In order to ascertain the delivery route, we assessed the involvement of Rab11-dependent trafficking, which mediates the activity-dependent delivery of GluA1-containing-AMPAR from intracellular compartments into synapses during Long Term Potentiation (LTP). To evaluate the role of Rab11 in AMPAR synaptic delivery upon cholesterol removal we used a well-characterized dominant negative (DN) version of Rab11 (Rab11-S25N). Our data show that Rab11-DN blocks the potentiation of AMPAR currents produced by acute cholesterol depletion. Thus, we conclude that Rab11-dependent trafficking mediates the synaptic delivery of AMPARs triggered by cholesterol removal as observed during LTP.
It has been recently shown that a reduction of cholesterol levels in hepatic cells triggers the mobilization of Rab11 recycling endosomes, in a process mediated by Cdc42 activation. Therefore, we hypothesized that a similar mechanism may be operating in neurons. We first evaluated whether cholesterol removal alters Cdc42 activation in hippocampal slices. To this end, we measured the amount of active (GTP-bound) Cdc42 with a standard pull-down assay (GST-Pak3-CRIB) and showed that cholesterol reduction produces a significant activation of Cdc42 in hippocampal extracts. We then tested whether Cdc42 activation was required for AMPAR synaptic delivery triggered by cholesterol removal. Similar to the experiments for Rab11-DN, we expressed a well-characterized dominant negative form of Cdc42 (T17N) and demonstrated that Cdc42-DN blocks the enhancement of AMPAR responses induced by cholesterol removal. Therefore, we conclude that AMPAR synaptic potentiation induced by a reduction in cholesterol requires Cdc42 activation.

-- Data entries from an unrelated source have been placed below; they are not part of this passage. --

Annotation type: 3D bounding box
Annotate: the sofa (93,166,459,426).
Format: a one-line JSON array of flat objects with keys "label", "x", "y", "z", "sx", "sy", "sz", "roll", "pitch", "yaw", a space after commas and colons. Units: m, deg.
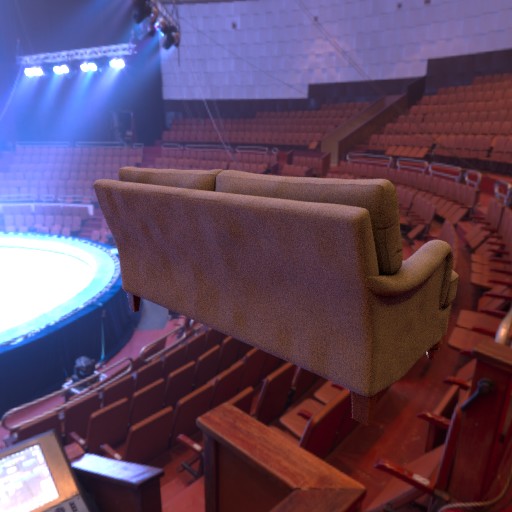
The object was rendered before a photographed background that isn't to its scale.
[{"label": "sofa", "x": 0.000, "y": 0.000, "z": 2.798, "sx": 2.193, "sy": 1.096, "sz": 1.069, "roll": 13, "pitch": 19, "yaw": 43}]
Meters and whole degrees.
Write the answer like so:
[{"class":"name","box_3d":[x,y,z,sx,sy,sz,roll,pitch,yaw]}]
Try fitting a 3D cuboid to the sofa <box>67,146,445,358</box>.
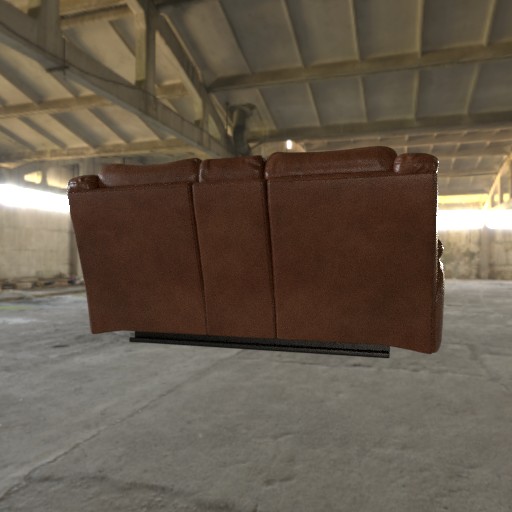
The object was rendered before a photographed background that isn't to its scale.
[{"class":"sofa","box_3d":[0.000,0.000,2.647,2.058,1.043,0.991,0,-1,17]}]
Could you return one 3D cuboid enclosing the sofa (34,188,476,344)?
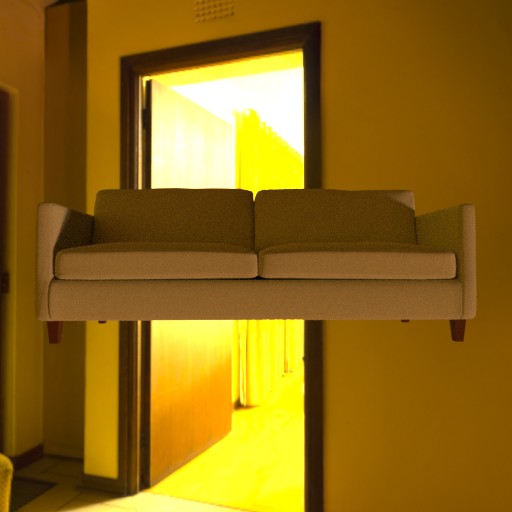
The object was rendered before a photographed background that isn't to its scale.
[{"bbox_3d":[0.000,0.000,2.860,2.434,0.965,0.948,0,-1,-2],"label":"sofa"}]
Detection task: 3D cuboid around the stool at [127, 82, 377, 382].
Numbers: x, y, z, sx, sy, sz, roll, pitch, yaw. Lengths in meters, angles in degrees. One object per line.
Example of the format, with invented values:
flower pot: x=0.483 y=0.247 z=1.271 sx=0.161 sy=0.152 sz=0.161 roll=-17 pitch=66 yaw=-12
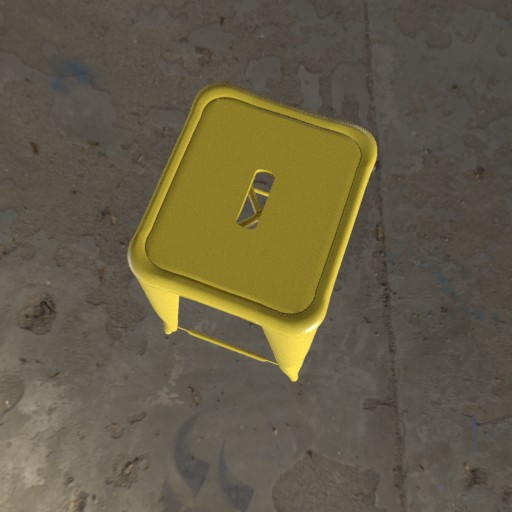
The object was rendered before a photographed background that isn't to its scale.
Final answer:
stool: x=0.000 y=0.000 z=0.852 sx=0.359 sy=0.609 sz=0.399 roll=19 pitch=77 yaw=5
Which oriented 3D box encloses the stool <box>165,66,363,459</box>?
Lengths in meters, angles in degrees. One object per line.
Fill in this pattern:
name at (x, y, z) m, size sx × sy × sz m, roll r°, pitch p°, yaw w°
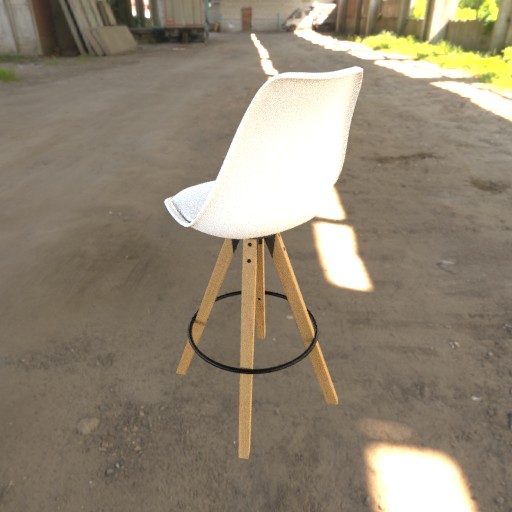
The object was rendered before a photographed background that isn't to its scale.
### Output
stool at (0.000, 0.000, 1.370) m, size 0.482 × 1.115 × 0.549 m, roll -19°, pitch 34°, yaw -30°
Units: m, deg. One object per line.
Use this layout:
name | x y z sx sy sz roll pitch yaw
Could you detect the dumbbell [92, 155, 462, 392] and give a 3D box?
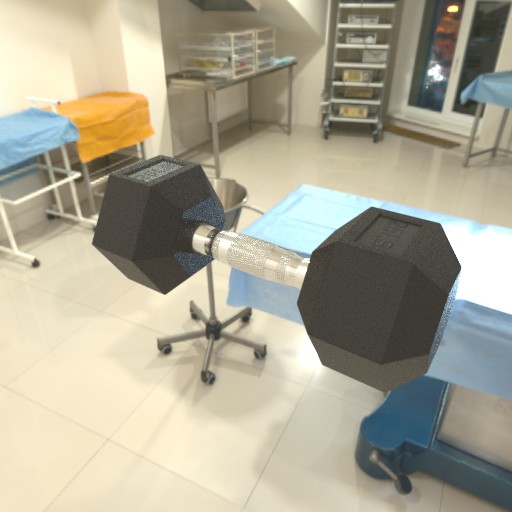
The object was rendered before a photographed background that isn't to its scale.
dumbbell | 0.000 0.000 0.383 0.315 0.113 0.129 19 36 28
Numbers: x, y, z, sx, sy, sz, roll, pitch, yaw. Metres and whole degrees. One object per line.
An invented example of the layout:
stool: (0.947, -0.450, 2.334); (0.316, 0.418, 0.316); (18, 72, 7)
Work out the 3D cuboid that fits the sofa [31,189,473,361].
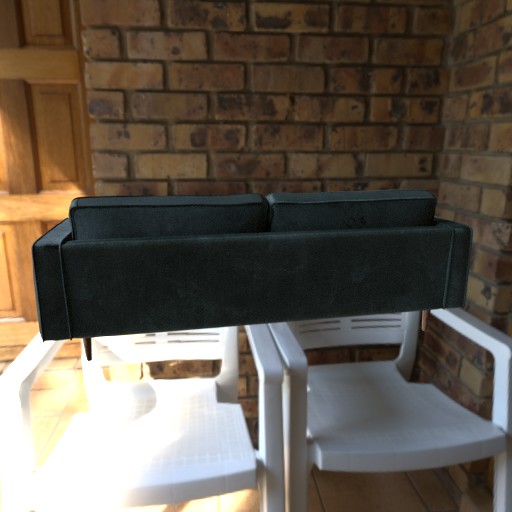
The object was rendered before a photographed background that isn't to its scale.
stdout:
sofa: (0.000, 0.000, 2.578); (2.214, 0.781, 0.886); (-3, 14, -11)
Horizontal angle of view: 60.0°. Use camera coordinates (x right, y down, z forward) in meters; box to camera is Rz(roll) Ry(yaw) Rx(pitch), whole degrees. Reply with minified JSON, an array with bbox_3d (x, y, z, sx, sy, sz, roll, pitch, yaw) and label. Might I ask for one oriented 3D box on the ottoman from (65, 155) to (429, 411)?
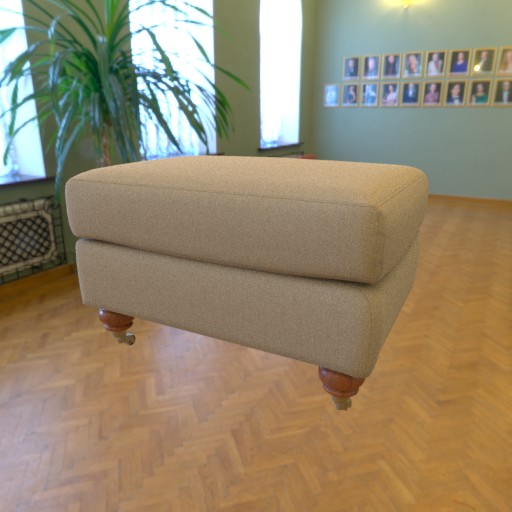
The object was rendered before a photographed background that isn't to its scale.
[{"bbox_3d":[0.000,0.000,1.167,0.773,0.497,0.574,9,20,26],"label":"ottoman"}]
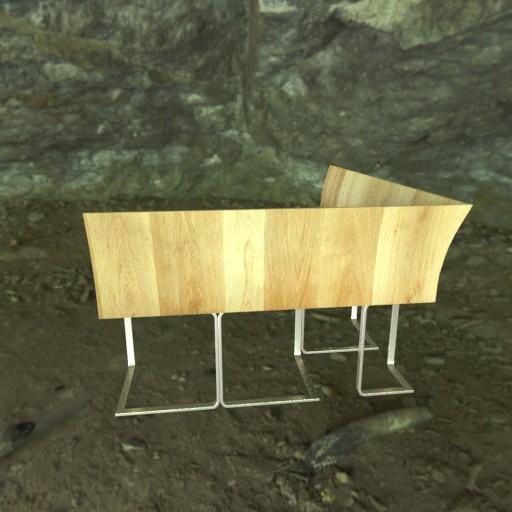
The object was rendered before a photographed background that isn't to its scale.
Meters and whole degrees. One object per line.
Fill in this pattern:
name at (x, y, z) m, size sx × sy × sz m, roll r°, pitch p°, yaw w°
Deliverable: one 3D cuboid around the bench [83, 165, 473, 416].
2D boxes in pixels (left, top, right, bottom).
bench at (0.000, 0.000, 2.730) m, size 1.495 × 0.930 × 1.945 m, roll -2°, pitch 16°, yaw -7°
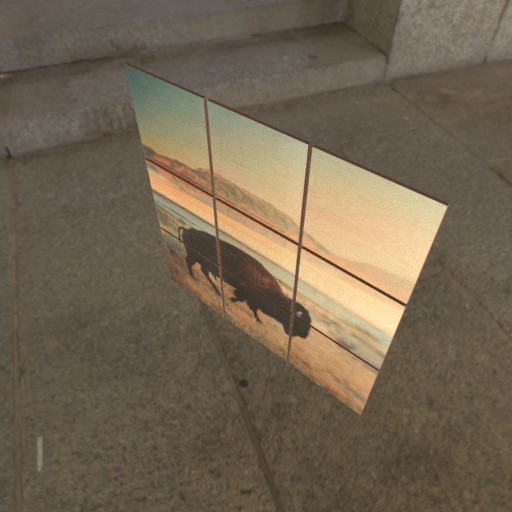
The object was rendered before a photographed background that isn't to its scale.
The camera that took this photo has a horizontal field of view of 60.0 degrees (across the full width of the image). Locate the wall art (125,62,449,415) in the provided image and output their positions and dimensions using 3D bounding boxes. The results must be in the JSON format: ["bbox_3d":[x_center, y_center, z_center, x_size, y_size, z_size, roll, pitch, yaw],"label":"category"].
[{"bbox_3d":[0.000,0.000,1.789,1.221,1.218,0.019,31,55,26],"label":"wall art"}]
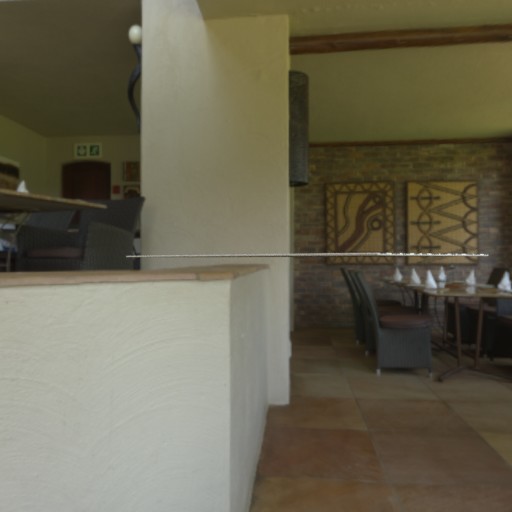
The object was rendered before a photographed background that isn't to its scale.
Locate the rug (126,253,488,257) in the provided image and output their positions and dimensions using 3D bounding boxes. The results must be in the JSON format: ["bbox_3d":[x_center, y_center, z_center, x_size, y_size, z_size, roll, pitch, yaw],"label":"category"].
[{"bbox_3d":[0.000,0.000,2.704,0.750,0.009,2.435,0,0,-36],"label":"rug"}]
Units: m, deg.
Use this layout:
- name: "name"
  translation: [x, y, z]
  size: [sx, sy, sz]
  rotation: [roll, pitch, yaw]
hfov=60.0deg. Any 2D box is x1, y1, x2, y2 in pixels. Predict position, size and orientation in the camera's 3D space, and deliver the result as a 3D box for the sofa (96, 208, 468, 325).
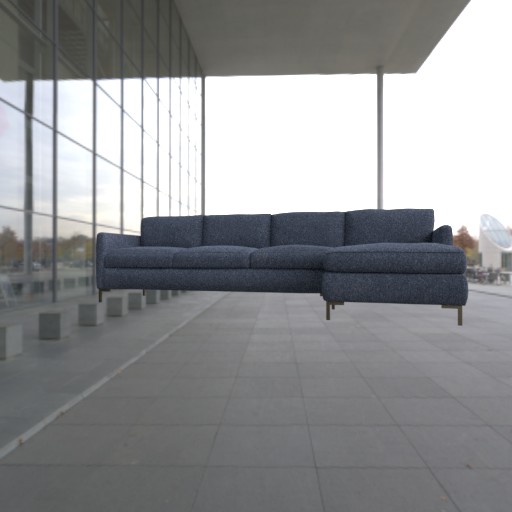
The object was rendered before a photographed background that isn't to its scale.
- name: "sofa"
  translation: [0.000, 0.000, 3.554]
  size: [2.932, 0.810, 1.350]
  rotation: [0, 0, 18]
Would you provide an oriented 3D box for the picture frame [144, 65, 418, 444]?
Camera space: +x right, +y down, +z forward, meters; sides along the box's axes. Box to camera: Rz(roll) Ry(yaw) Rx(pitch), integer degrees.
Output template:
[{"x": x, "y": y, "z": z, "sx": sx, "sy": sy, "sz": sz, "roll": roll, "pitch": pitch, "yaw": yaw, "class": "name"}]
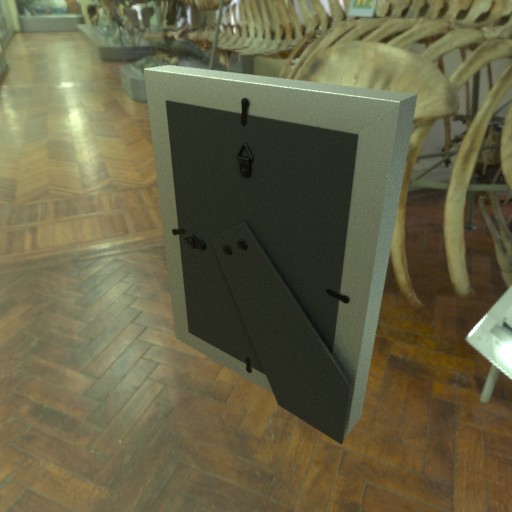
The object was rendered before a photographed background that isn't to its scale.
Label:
[{"x": 0.000, "y": 0.000, "z": 0.278, "sx": 0.157, "sy": 0.208, "sz": 0.028, "roll": 21, "pitch": 36, "yaw": 32, "class": "picture frame"}]
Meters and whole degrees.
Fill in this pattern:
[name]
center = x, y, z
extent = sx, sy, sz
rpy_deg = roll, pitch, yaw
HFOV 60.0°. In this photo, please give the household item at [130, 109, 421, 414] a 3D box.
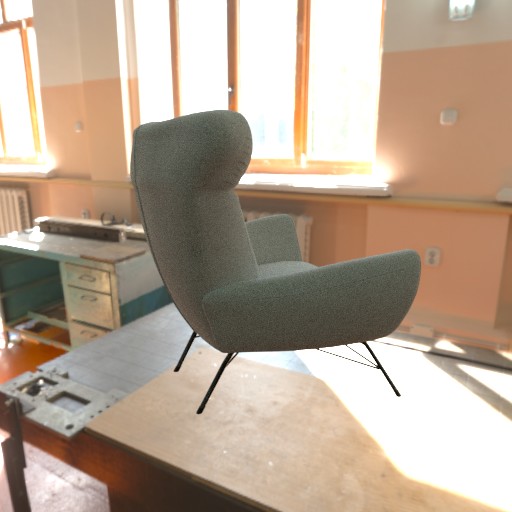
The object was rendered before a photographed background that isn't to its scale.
[household item]
center = 0.000, 0.000, 1.768
extent = 0.900, 1.050, 0.980
rpy_deg = -7, 16, -25

Altogether our data reveal the existence of a dynamic interplay between cholesterol levels in neurons and synaptic plasticity, and provide a mechanistic link between activity-dependent cholesterol changes, AMPAR trafficking and synaptic plasticity. Given the implication of cholesterol metabolism in brain aging and Alzheimer's disease, we believe that our work will help understanding these conditions.